→ Your assignment: Output everything in the data exactly, leaving the pictures out.

***** Source material

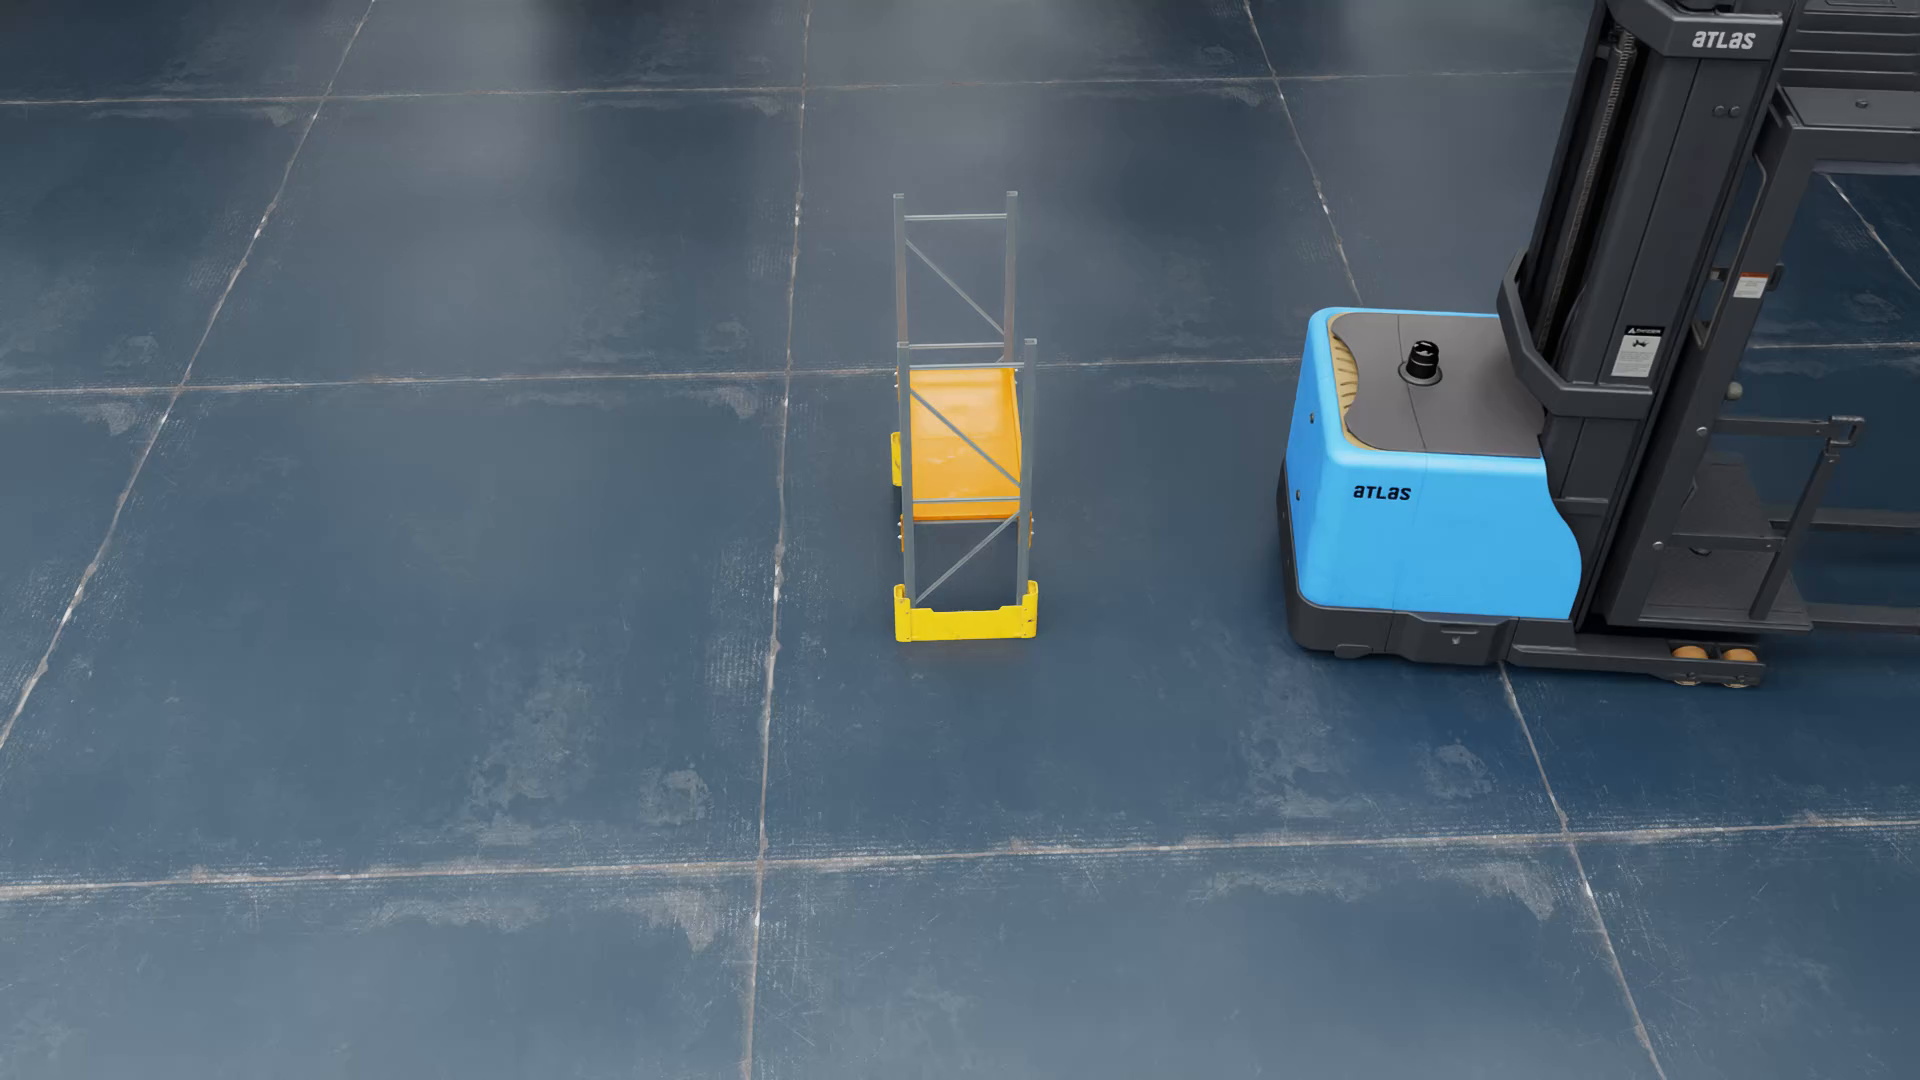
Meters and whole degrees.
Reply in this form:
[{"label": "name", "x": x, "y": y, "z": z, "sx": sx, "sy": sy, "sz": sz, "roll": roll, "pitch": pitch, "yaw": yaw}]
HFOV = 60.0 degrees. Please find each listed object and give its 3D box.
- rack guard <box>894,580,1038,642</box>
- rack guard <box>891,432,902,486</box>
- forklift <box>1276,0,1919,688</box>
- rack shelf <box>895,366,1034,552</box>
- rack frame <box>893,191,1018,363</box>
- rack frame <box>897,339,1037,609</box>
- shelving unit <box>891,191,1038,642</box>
[{"label": "rack guard", "x": 0.024, "y": 0.296, "z": 6.892, "sx": 0.587, "sy": 0.250, "sz": 0.087, "roll": -2, "pitch": 43, "yaw": -2}, {"label": "rack guard", "x": -0.018, "y": -0.377, "z": 7.626, "sx": 0.587, "sy": 0.250, "sz": 0.087, "roll": -2, "pitch": 43, "yaw": -2}, {"label": "forklift", "x": 2.903, "y": -0.857, "z": 6.165, "sx": 3.031, "sy": 2.935, "sz": 1.130, "roll": 3, "pitch": 43, "yaw": 3}, {"label": "rack shelf", "x": 0.004, "y": -0.363, "z": 6.952, "sx": 0.538, "sy": 0.185, "sz": 1.000, "roll": -2, "pitch": 43, "yaw": -2}, {"label": "rack frame", "x": -0.018, "y": -0.838, "z": 7.204, "sx": 0.500, "sy": 1.500, "sz": 0.032, "roll": -2, "pitch": 43, "yaw": -2}, {"label": "rack frame", "x": 0.025, "y": -0.152, "z": 6.456, "sx": 0.500, "sy": 1.500, "sz": 0.032, "roll": -2, "pitch": 43, "yaw": -2}, {"label": "shelving unit", "x": 0.003, "y": -0.501, "z": 6.837, "sx": 0.587, "sy": 1.500, "sz": 1.083, "roll": -2, "pitch": 43, "yaw": -2}]
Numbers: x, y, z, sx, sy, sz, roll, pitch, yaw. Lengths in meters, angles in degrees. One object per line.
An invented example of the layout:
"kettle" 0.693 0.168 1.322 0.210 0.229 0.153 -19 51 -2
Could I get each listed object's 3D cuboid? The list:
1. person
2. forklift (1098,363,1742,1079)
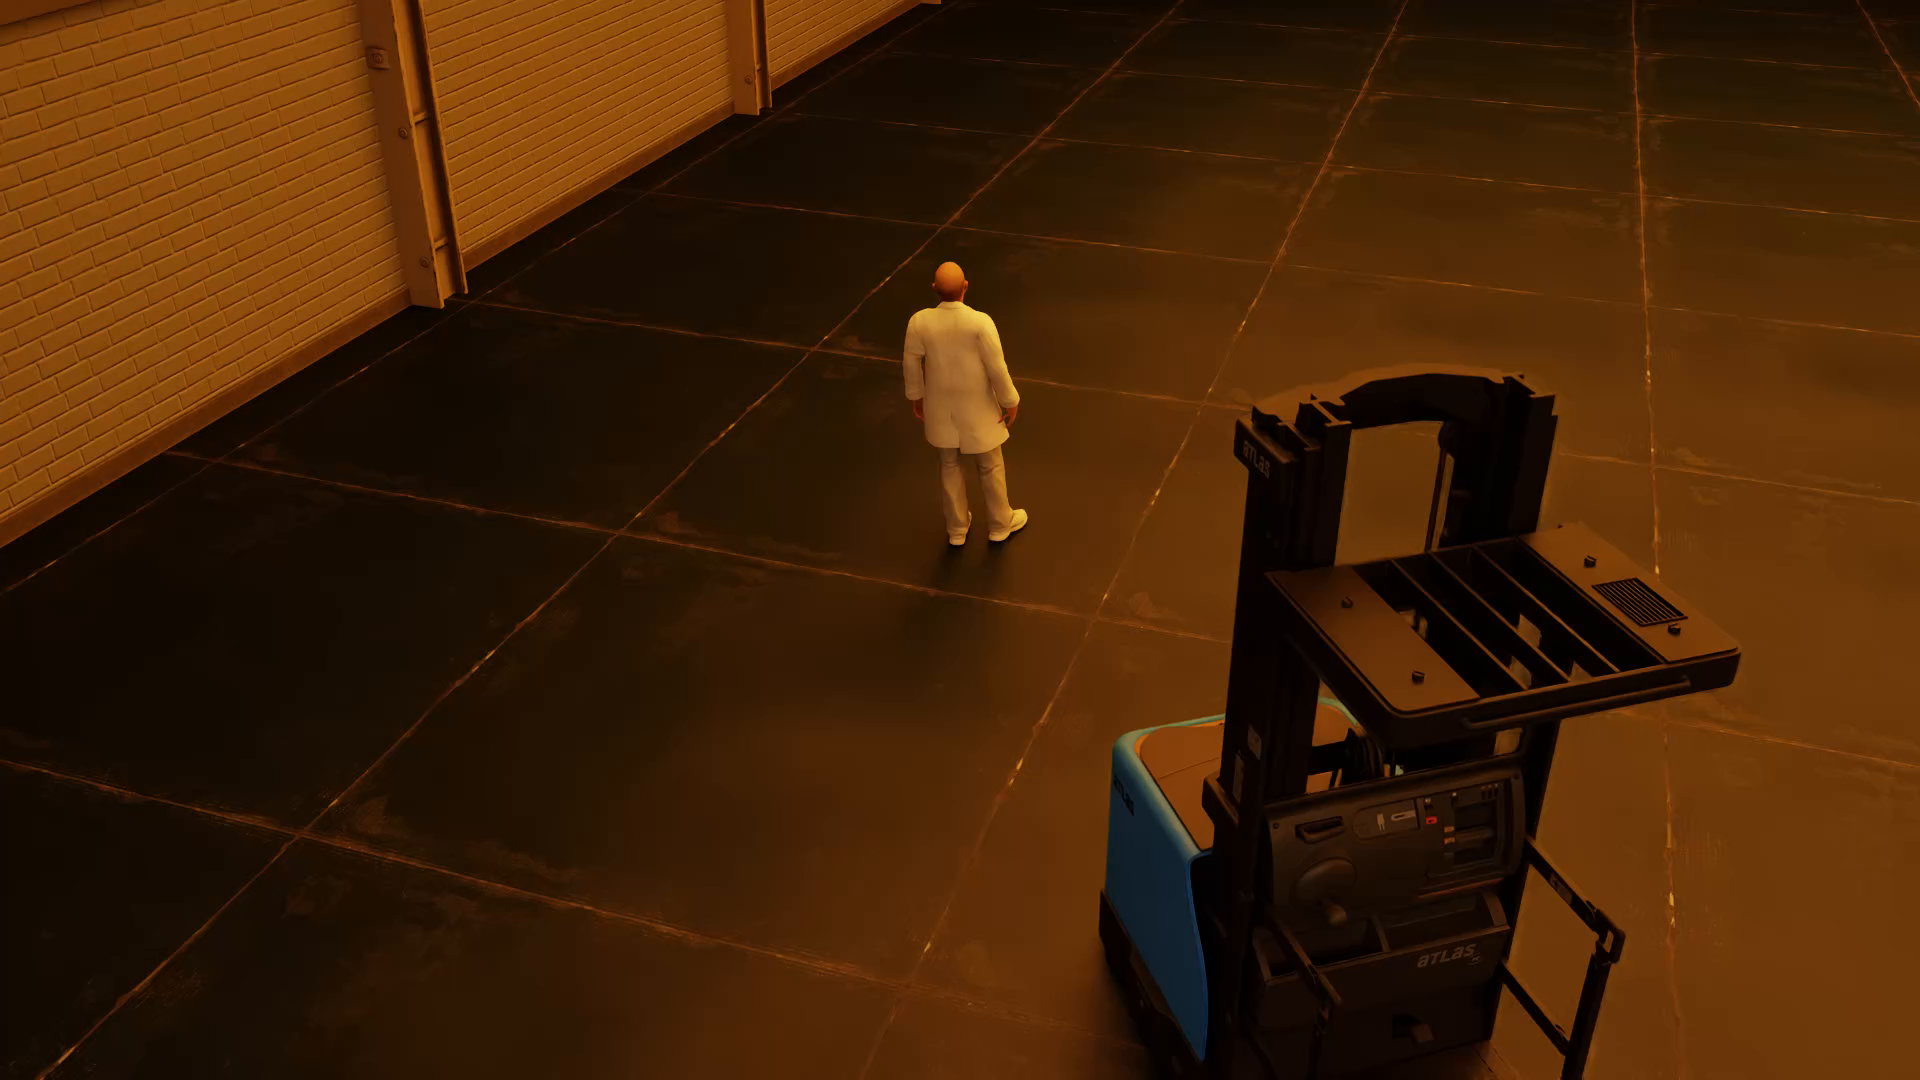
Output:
"person" 0.033 -0.821 9.726 0.698 1.777 0.578 10 31 16
"forklift" 1.504 1.054 5.287 1.130 2.935 3.031 -9 31 -15
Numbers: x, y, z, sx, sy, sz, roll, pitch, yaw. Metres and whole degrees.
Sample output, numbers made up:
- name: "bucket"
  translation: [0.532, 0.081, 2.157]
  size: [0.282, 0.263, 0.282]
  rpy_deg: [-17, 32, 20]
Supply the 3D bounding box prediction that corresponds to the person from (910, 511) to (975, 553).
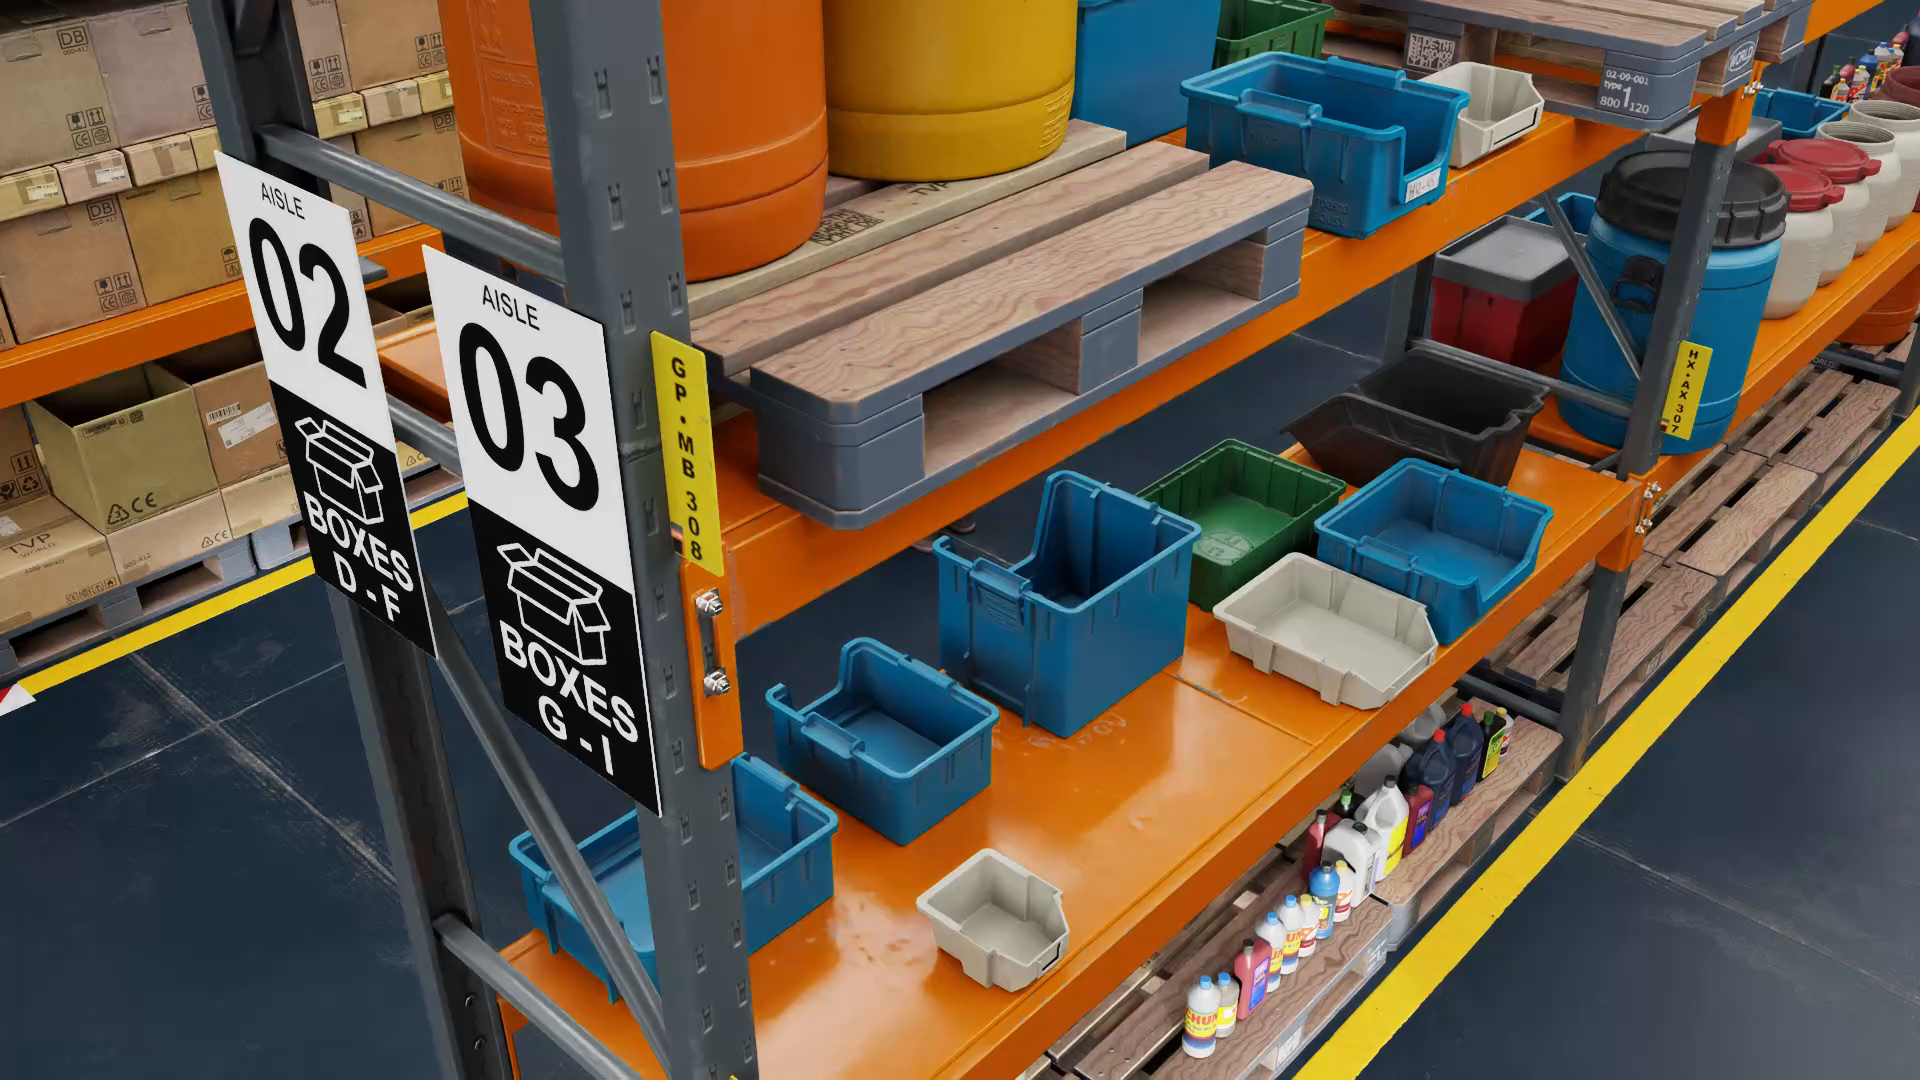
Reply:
- name: "person"
  translation: [-0.149, -0.723, 7.328]
  size: [0.304, 1.655, 0.438]
  rpy_deg: [26, 40, 36]

**********

→ Answer box:
Meters and whole degrees.
Reply in this form:
[{"label": "name", "x": x, "y": y, "z": z, "sx": sx, "sy": sy, "sz": sz, "roll": roll, "pitch": pitch, "yaw": yaw}]
HFOV = 60.0 degrees. Please find each listed object and give its 3D box.
- rack guard <box>894,580,1038,642</box>
- rack guard <box>891,432,902,486</box>
- forklift <box>1276,0,1919,688</box>
- rack shelf <box>895,366,1034,552</box>
- rack frame <box>893,191,1018,363</box>
- rack frame <box>897,339,1037,609</box>
- shelving unit <box>891,191,1038,642</box>
[{"label": "rack guard", "x": 0.024, "y": 0.296, "z": 6.892, "sx": 0.587, "sy": 0.250, "sz": 0.087, "roll": -2, "pitch": 43, "yaw": -2}, {"label": "rack guard", "x": -0.018, "y": -0.377, "z": 7.626, "sx": 0.587, "sy": 0.250, "sz": 0.087, "roll": -2, "pitch": 43, "yaw": -2}, {"label": "forklift", "x": 2.903, "y": -0.857, "z": 6.165, "sx": 3.031, "sy": 2.935, "sz": 1.130, "roll": 3, "pitch": 43, "yaw": 3}, {"label": "rack shelf", "x": 0.004, "y": -0.363, "z": 6.952, "sx": 0.538, "sy": 0.185, "sz": 1.000, "roll": -2, "pitch": 43, "yaw": -2}, {"label": "rack frame", "x": -0.018, "y": -0.838, "z": 7.204, "sx": 0.500, "sy": 1.500, "sz": 0.032, "roll": -2, "pitch": 43, "yaw": -2}, {"label": "rack frame", "x": 0.025, "y": -0.152, "z": 6.456, "sx": 0.500, "sy": 1.500, "sz": 0.032, "roll": -2, "pitch": 43, "yaw": -2}, {"label": "shelving unit", "x": 0.003, "y": -0.501, "z": 6.837, "sx": 0.587, "sy": 1.500, "sz": 1.083, "roll": -2, "pitch": 43, "yaw": -2}]
Numbers: x, y, z, sx, sy, sz, roll, pitch, yaw. Lengths in meters, angles in degrees. One object per line.
An invented example of the layout:
"kettle" 0.693 0.168 1.322 0.210 0.229 0.153 -19 51 -2
Could I get each listed object's 3D cuboid? The list:
1. person
2. forklift (1098,363,1742,1079)
Output:
"person" 0.033 -0.821 9.726 0.698 1.777 0.578 10 31 16
"forklift" 1.504 1.054 5.287 1.130 2.935 3.031 -9 31 -15
Numbers: x, y, z, sx, sy, sz, roll, pitch, yaw. Metres and whole degrees.
Sample output, numbers made up:
- name: "bucket"
  translation: [0.532, 0.081, 2.157]
  size: [0.282, 0.263, 0.282]
  rpy_deg: [-17, 32, 20]
Supply the 3D bounding box prediction that corresponds to the person from (910, 511) to (975, 553).
Reply:
- name: "person"
  translation: [-0.149, -0.723, 7.328]
  size: [0.304, 1.655, 0.438]
  rpy_deg: [26, 40, 36]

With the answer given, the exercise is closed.